Whenever a line in the data below includes the string "response", copy it out.

- [Data]:
..........

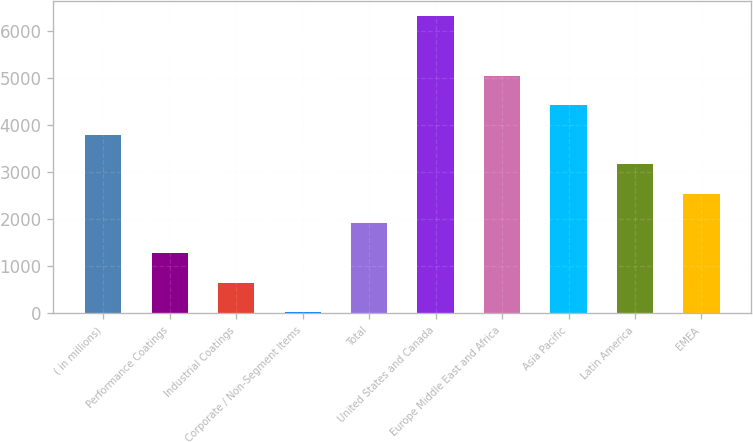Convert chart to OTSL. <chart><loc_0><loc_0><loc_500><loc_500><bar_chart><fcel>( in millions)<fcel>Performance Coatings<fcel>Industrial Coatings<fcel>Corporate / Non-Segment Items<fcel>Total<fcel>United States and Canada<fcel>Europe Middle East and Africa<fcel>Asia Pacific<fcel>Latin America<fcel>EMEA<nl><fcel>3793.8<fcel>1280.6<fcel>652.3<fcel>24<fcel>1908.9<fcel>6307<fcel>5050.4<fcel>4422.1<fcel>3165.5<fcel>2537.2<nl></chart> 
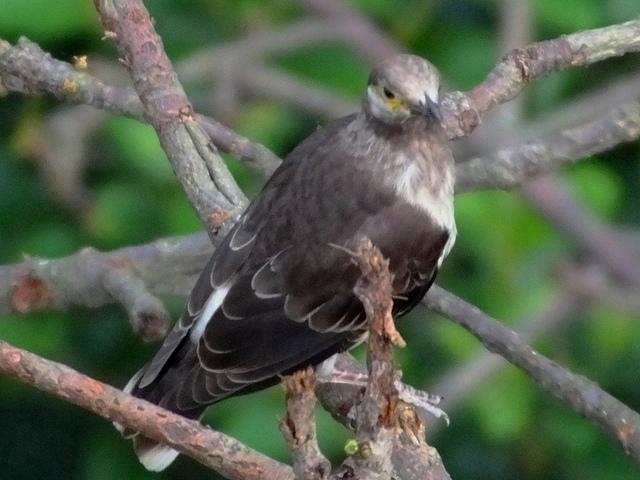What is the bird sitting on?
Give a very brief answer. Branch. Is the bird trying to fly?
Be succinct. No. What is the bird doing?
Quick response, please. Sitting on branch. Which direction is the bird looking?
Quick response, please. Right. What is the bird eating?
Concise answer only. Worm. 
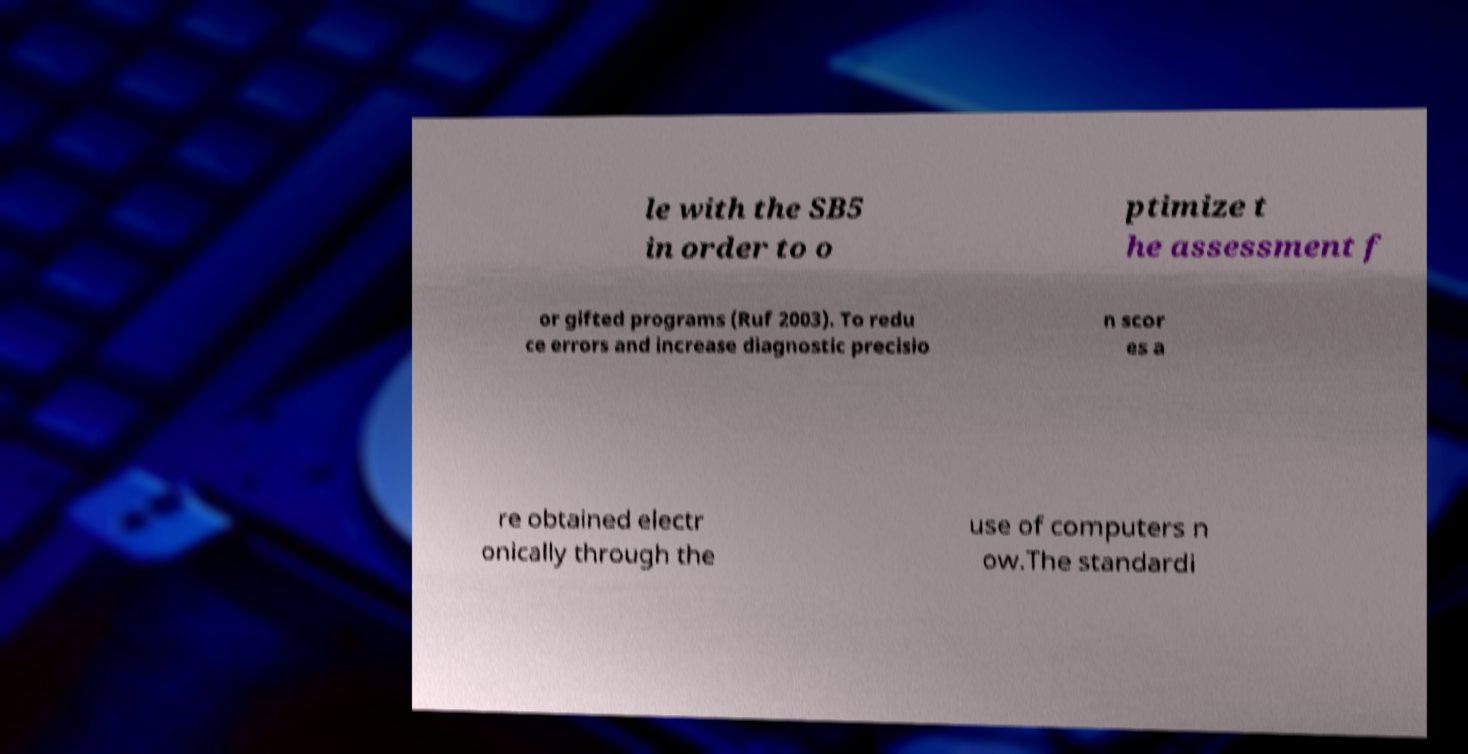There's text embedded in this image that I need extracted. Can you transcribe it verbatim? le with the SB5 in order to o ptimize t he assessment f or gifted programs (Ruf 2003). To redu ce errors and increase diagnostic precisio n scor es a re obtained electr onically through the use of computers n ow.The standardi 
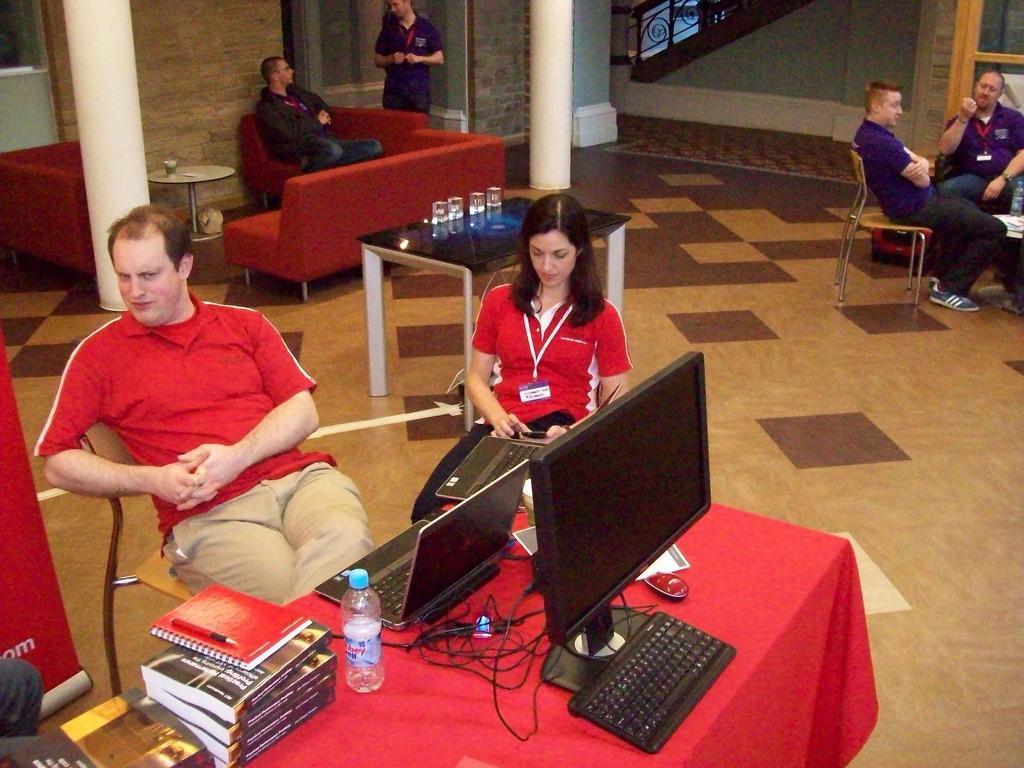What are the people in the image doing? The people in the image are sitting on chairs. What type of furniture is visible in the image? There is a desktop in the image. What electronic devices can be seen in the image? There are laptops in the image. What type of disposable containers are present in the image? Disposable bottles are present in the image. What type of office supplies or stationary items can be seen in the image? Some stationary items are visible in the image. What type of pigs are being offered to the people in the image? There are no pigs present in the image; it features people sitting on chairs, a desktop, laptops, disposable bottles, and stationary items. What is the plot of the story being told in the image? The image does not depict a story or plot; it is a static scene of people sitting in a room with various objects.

..........

- [Result]:
Quick response, please. Sitting on branch. Which direction is the bird looking?
Quick response, please. Right. What is the bird eating?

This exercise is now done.